When two or more processes try to access the critical section at the same time and they fail to access simultaneously or stuck while accessing the critical section then this condition is known as Deadlock.
- Every process needs a few resources to finish running.
- The procedure makes a resource request. If the resource is available, the OS will grant it; otherwise, the process will wait.
- When the process is finished, it is released.
The deadlock has the following characteristics:
- Mutual Exclusion
- Hold and Wait
- No preemption
- Circular wait
We can prevent a Deadlock by eliminating any of the above four conditions.
Eliminate Mutual Exclusion: It is not possible to dis-satisfy the mutual exclusion because some resources, such as the tape drive and printer, are inherently non-shareable.
Eliminate Hold and wait: Allocate all required resources to the process before the start of its execution, this way hold and wait condition is eliminated but it will lead to low device utilization. for example, if a process requires a printer at a later time and we have allocated a printer before the start of its execution printer will remain blocked till it has completed its execution. The process will make a new request for resources after releasing the current set of resources. This solution may lead to starvation.
Eliminate No Preemption : Preempt resources from the process when resources are required by other high-priority processes.
Eliminate Circular Wait : Each resource will be assigned a numerical number. A process can request the resources to increase/decrease. order of numbering. For Example, if the P1 process is allocated R5 resources, now next time if P1 asks for R4, R3 lesser than R5 such a request will not be granted, only a request for resources more than R5 will be granted.
Detection and Recovery: Another approach to dealing with deadlocks is to detect and recover from them when they occur. This can involve killing one or more of the processes involved in the deadlock or releasing some of the resources they hold.

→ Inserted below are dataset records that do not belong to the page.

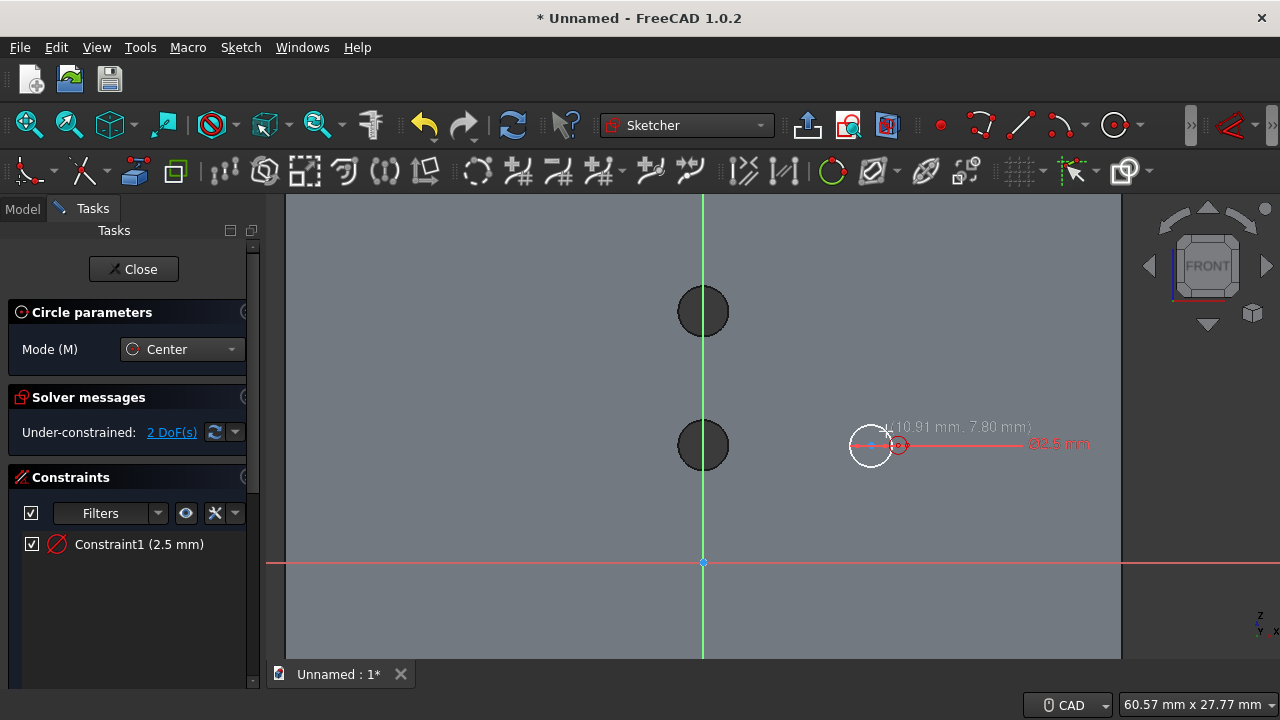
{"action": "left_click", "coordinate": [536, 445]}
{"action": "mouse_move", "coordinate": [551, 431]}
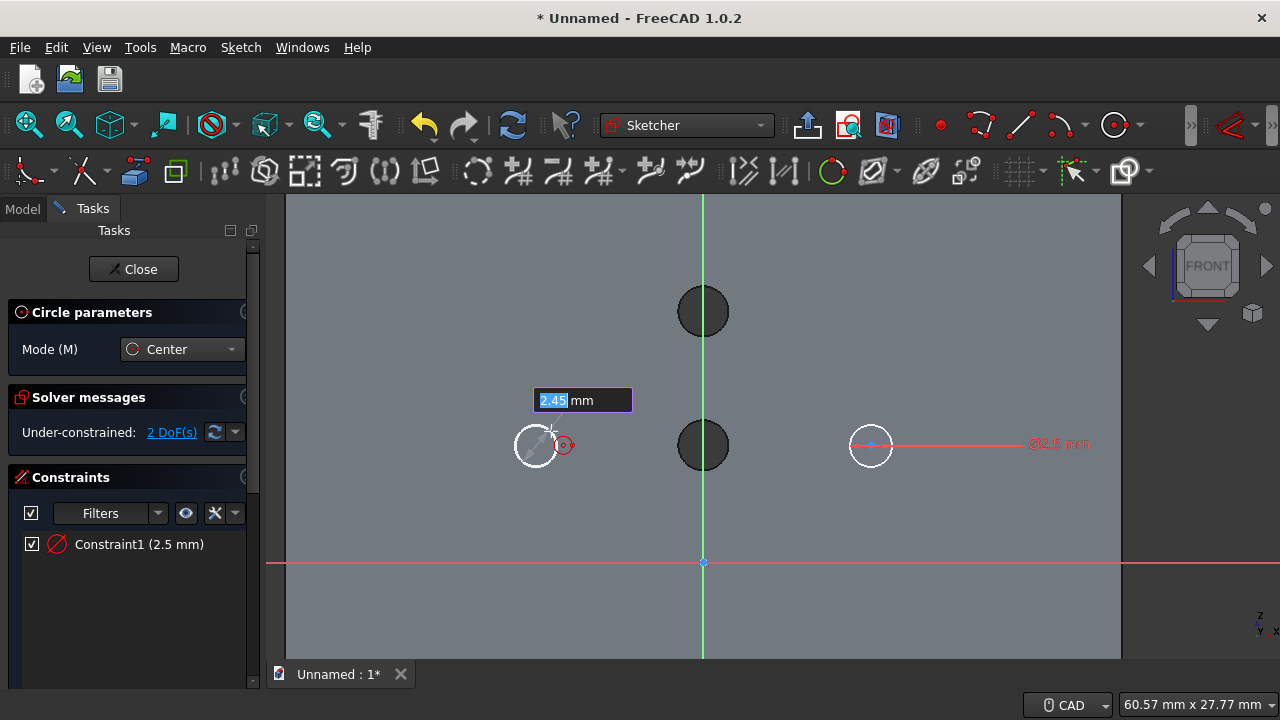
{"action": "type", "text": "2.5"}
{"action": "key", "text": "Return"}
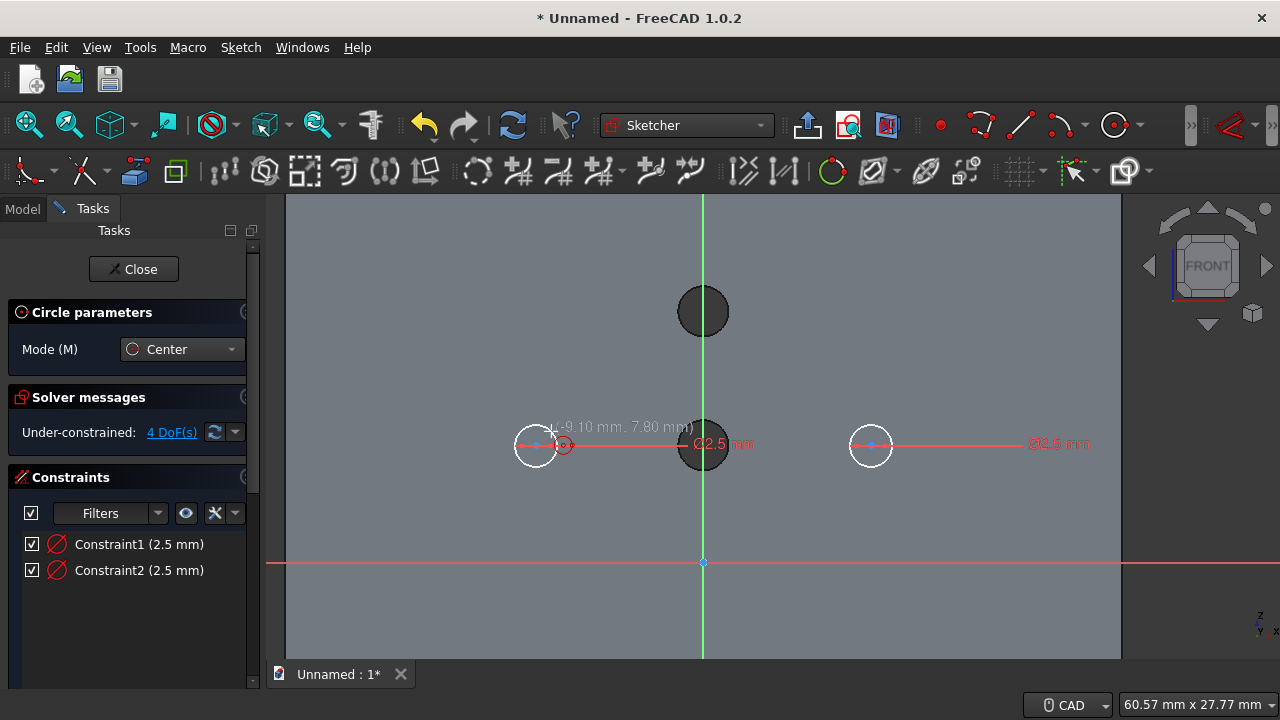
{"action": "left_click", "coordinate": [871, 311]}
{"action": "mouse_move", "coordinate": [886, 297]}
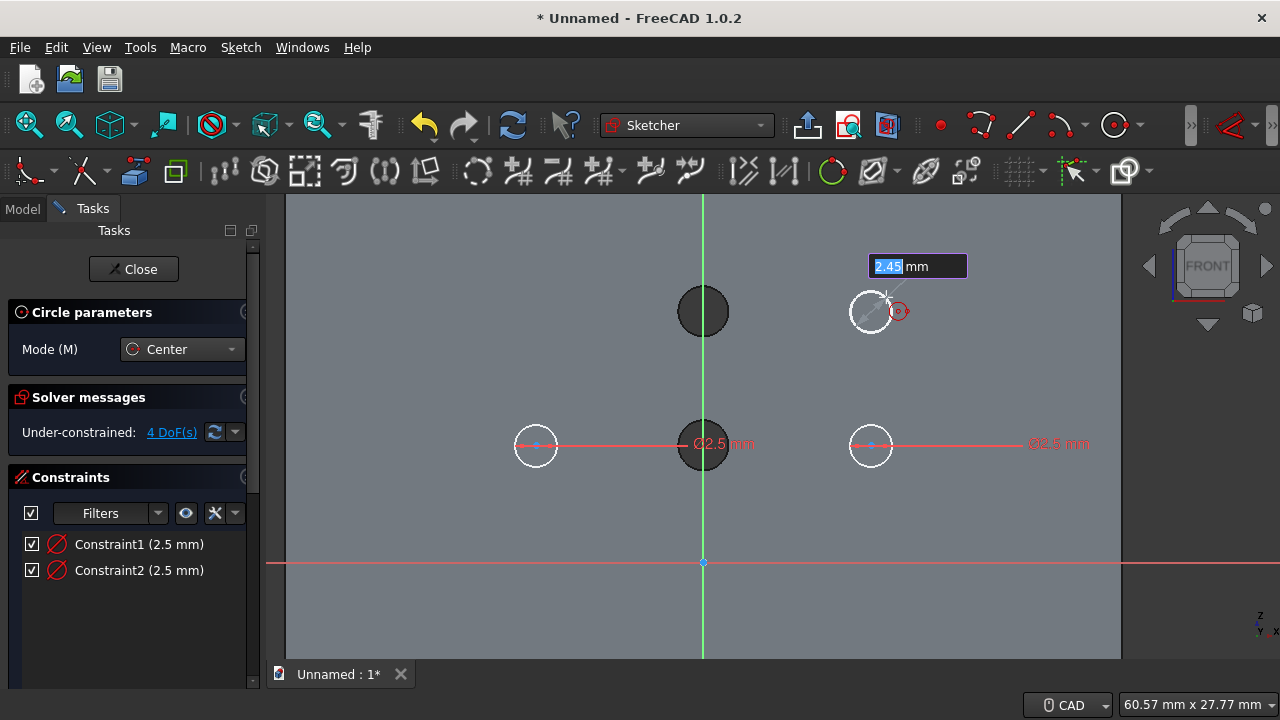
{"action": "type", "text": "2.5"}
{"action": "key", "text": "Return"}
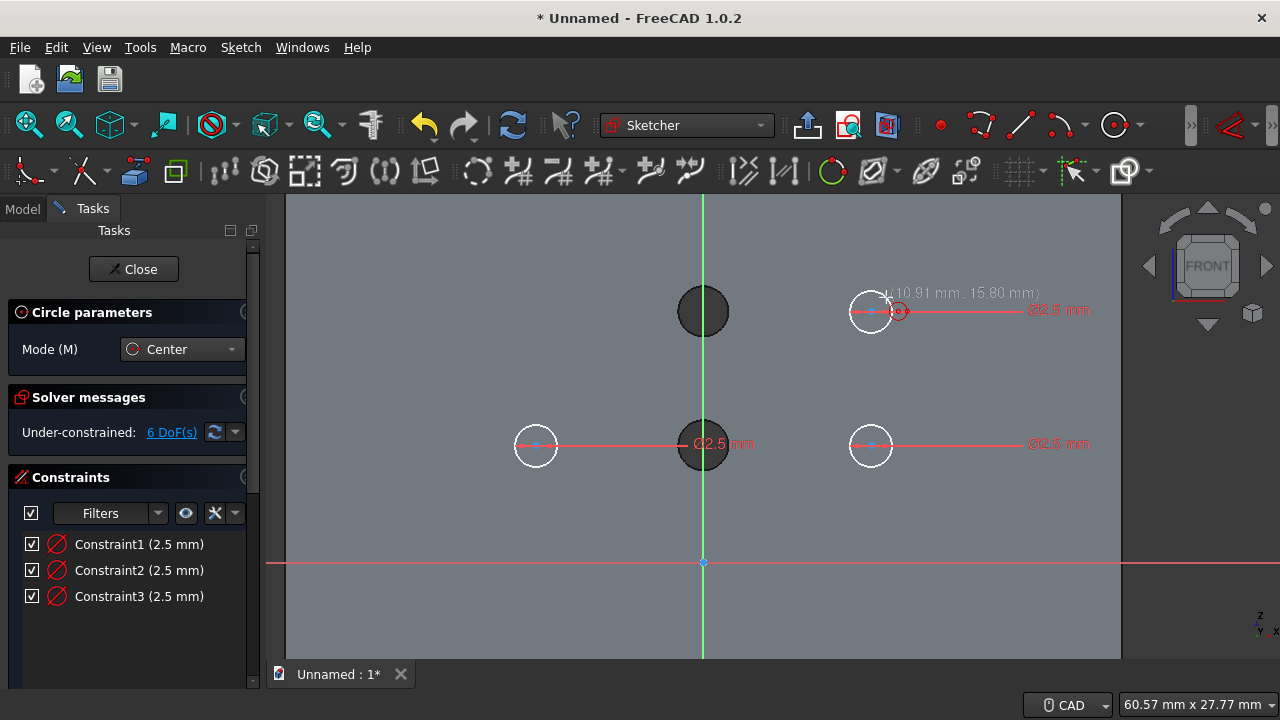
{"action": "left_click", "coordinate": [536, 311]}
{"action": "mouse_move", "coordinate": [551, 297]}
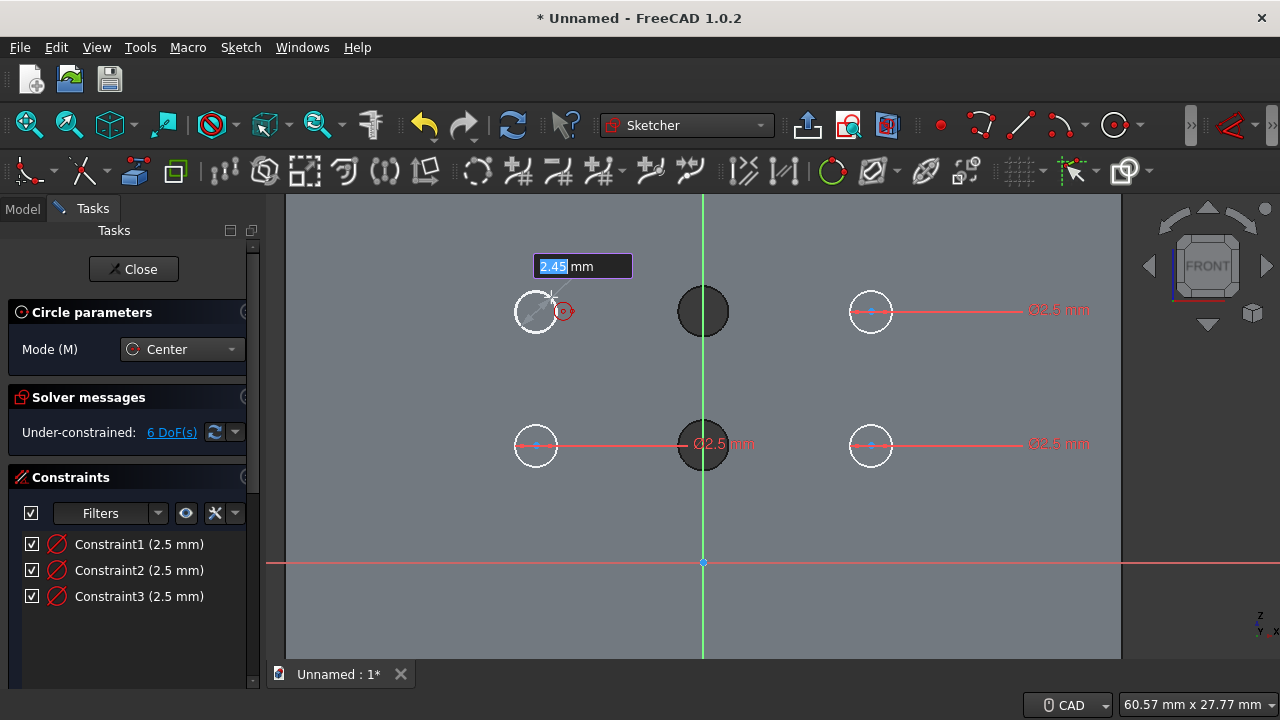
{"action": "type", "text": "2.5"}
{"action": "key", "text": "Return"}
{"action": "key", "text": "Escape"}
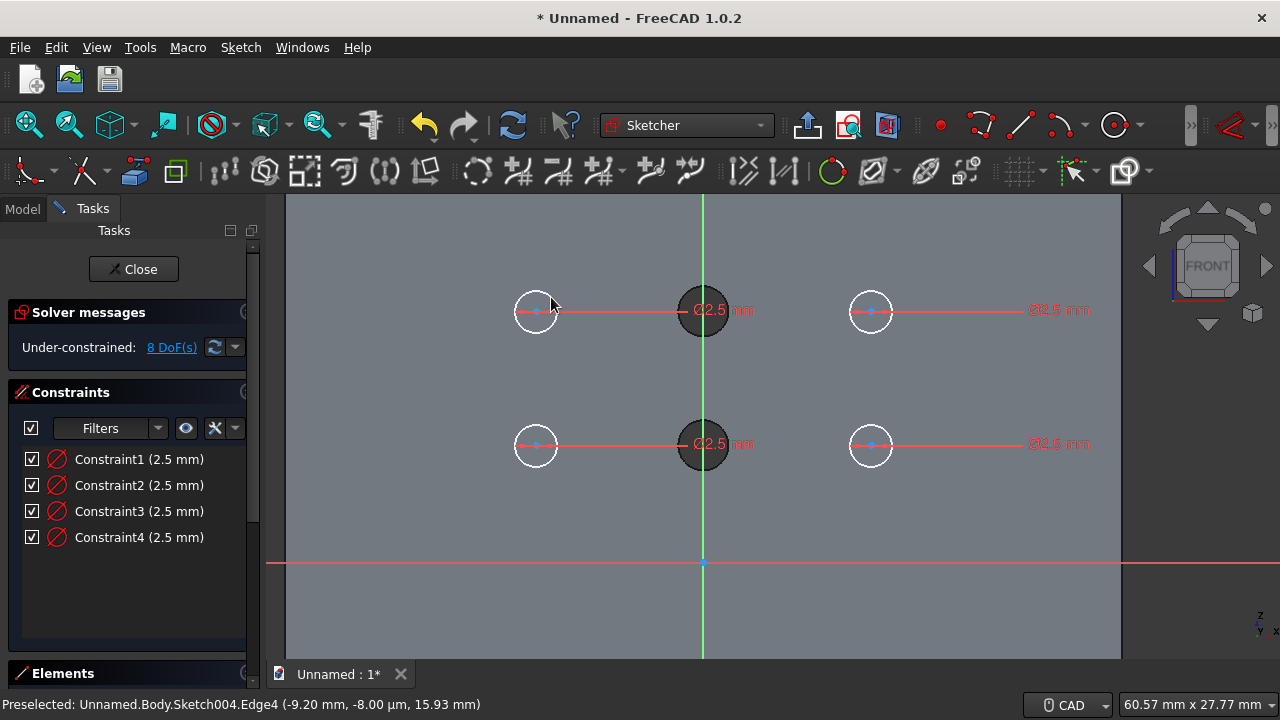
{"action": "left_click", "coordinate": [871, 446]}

A deadlock avoidance policy grants a resource request only if it can establish that granting the request cannot lead to a deadlock either immediately or in the future. The kernal lacks detailed knowledge about future behavior of processes, so it cannot accurately predict deadlocks. To facilitate deadlock avoidance under these conditions, it uses the following conservative approach: Each process declares the maximum number of resource units of each class that it may require. The kernal permits a process to request these resource units in stages- i.e. a few resource units at a time- subject to the maximum number declared by it and uses a worst case analysis technique to check for the possibility of future deadlocks. A request is granted only if there is no possibility of deadlocks; otherwise, it remains pending until it can be granted. This approach is conservative because a process may complete its operation without requiring the maximum number of units declared by it.
Resource Allocation Graph
The resource allocation graph (RAG) is used to visualize the system’s current state as a graph. The Graph includes all processes, the resources that are assigned to them, as well as the resources that each Process requests. Sometimes, if there are fewer processes, we can quickly spot a deadlock in the system by looking at the graph rather than the tables we use in Banker’s algorithm. Deadlock avoidance can also be done with Banker’s Algorithm.
Bankers’s Algorithm is a resource allocation and deadlock avoidance algorithm which test all the request made by processes for resources, it checks for the safe state, and after granting a request system remains in the safe state it allows the request, and if there is no safe state it doesn’t allow the request made by the process.
Inputs to Banker’s Algorithm
- Max needs of resources by each process.
- Currently, allocated resources by each process.
- Max free available resources in the system.
The request will only be granted under the below condition
- If the request made by the process is less than equal to the max needed for that process.
- If the request made by the process is less than equal to the freely available resource in the system.
Timeouts: To avoid deadlocks caused by indefinite waiting, a timeout mechanism can be used to limit the amount of time a process can wait for a resource. If the help is unavailable within the timeout period, the process can be forced to release its current resources and try again later.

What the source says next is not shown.